Uber Wants to Patent a Way to Calculate Ride Safety

Uber wants to give riders a way to avoid less-safe areas, routes and drivers, judging from a patent application the company recently filed. If the company turns this innovation into a feature, it might hurt some drivers and raise concerns about bias.
The application for a patent on “Safe routing for navigation systems,” filed on June 26 and reported on by Roadshow, describes features to let ride-hailing app users prioritize safety along with things like distance, cost and trip time. The software could take several factors into consideration in calculating safety, including crime reports, the car’s condition and how often the driver swerves.
One thing the technology wouldn’t do is keep someone from getting picked up or dropped off in a given neighborhood. Uber spells that out in the application, possibly to head off charges of racial discrimination that have been raised against both the taxi and ride-hailing industries.
But it could use several possible sources to determine the relative “safety” of different areas that a route might go through. If a rider put a high priority on safety, the service might find a route that avoided those areas even though the trip would take longer.
Those sources could include crime statistics, news databases, academic databases of reports of violent conflicts in certain locations, and satellite imagery showing things like storms, fires and the effects of earthquakes. But the application also mentions some factors that can be a little more squishy, like event-listing websites — “Particular types of events may be known or believed to be less safe” — and social media, “which can be analyzed to identify (for example) sentiment about events, companies, and the like.”
Uber drivers might feel the biggest impact from the system Uber wants to patent.
It would allow the app to determine the safety of a ride partly by factoring in telematics data from each vehicle and driver. That could include things like speed, amount of swerving and amount of braking for individual trips. This data could be used to identify dangerous parts of a road, since traffic and other factors can affect driving. But it could also be used to determine how safe it is to ride with a particular driver.

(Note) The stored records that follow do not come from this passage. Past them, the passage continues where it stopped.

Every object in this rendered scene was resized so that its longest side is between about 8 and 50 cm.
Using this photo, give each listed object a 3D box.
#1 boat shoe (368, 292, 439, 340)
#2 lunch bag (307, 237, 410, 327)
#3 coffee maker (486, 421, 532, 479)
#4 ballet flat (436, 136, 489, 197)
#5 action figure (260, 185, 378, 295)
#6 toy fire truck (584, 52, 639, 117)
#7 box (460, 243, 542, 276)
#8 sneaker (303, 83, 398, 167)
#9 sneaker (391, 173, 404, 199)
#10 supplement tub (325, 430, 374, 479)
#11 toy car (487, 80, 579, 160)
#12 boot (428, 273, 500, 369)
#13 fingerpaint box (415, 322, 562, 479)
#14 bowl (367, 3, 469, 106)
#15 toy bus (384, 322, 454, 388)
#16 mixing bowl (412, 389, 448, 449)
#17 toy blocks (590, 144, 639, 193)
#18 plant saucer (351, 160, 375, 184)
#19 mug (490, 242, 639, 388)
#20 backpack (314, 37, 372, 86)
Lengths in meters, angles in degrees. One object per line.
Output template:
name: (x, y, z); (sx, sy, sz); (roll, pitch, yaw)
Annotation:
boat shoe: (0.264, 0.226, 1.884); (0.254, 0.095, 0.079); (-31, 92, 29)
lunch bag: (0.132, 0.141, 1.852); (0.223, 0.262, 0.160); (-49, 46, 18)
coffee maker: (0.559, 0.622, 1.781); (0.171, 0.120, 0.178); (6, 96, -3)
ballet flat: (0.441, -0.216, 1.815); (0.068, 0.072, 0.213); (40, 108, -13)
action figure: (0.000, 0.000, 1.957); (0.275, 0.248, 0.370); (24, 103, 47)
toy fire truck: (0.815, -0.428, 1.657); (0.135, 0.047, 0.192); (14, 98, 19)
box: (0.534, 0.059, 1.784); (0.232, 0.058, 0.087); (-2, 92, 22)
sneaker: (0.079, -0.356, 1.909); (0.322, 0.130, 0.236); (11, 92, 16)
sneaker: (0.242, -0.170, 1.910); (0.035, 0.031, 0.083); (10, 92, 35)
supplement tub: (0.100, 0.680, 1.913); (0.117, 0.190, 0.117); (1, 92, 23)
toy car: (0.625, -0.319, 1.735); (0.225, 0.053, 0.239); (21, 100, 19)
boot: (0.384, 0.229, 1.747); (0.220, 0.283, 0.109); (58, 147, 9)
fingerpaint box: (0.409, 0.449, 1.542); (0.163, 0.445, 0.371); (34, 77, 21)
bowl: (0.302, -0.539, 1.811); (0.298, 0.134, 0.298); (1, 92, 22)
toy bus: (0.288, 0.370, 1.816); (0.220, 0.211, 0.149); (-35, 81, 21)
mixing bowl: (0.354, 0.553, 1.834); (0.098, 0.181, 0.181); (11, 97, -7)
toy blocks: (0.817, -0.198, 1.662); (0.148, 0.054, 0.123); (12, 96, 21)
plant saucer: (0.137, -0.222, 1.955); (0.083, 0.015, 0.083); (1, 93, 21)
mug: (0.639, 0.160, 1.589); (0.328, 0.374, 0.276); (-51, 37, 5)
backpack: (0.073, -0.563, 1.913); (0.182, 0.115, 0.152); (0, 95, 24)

Riders can already slam their drivers by rating them on a scale of 1 to 5 after the ride. But that score reflects their experience as a whole, including whether the pickup was on time, what route the driver took and even whether the driver and customer got in a fight.

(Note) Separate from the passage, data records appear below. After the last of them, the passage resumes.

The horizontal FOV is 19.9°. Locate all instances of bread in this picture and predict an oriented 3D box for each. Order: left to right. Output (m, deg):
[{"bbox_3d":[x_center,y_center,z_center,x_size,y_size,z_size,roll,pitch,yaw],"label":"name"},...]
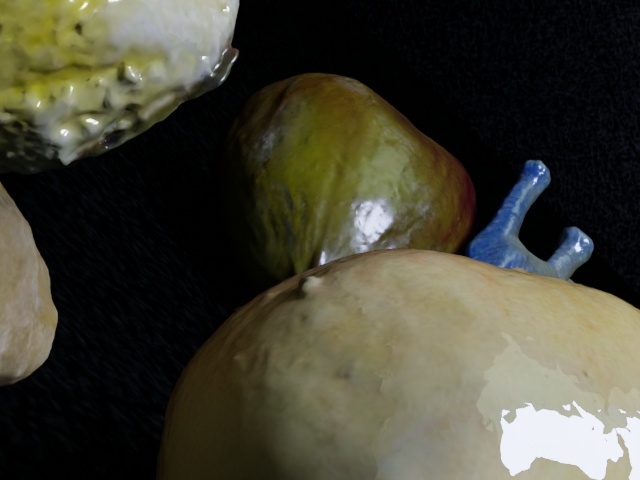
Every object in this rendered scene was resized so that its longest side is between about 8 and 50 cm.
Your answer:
[{"bbox_3d":[-0.148,-0.126,0.883,0.170,0.197,0.197,48,7,-32],"label":"bread"}]

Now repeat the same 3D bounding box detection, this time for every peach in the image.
[{"bbox_3d":[0.042,0.091,0.674,0.232,0.232,0.232,41,12,-11],"label":"peach"}]

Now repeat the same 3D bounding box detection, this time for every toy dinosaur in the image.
[{"bbox_3d":[0.085,0.059,1.091,0.075,0.247,0.188,38,50,14],"label":"toy dinosaur"}]

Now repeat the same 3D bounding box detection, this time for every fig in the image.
[{"bbox_3d":[0.001,-0.002,1.065,0.170,0.145,0.274,40,25,-5],"label":"fig"}]

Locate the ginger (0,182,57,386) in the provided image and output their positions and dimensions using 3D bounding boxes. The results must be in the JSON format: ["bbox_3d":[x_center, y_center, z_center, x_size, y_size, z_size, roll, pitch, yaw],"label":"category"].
[{"bbox_3d":[-0.161,0.033,0.533,0.131,0.086,0.294,50,19,-10],"label":"ginger"}]

What Uber seems to have come up with is a system that could automatically log what looks like less-safe driving whether riders object or not. (If a driver has a history of conflict with riders, that could also be factored in.) Plugged into customer profiles that prioritize safety, that might affect whether a driver gets offered some rides.
Even a great driver might end up at a disadvantage if their car is older or has fewer safety features than others. The technology Uber proposes could use vehicle make, model, year and condition to gauge safety.
“Certain vehicles are safer than others because some vehicles are more reliable, have better performance, are more structurally secure, have advanced safety features, and/or are less likely targets of theft,” according to the application.
Uber left its options open for how it might implement a safety preference. In addition to users specifically weighting their ride request toward safety, the company could build specific ride profiles with a preference for safety built in. Then riders could select a ride type, like “Family,” that would automatically book a ride taking some of these factors into consideration.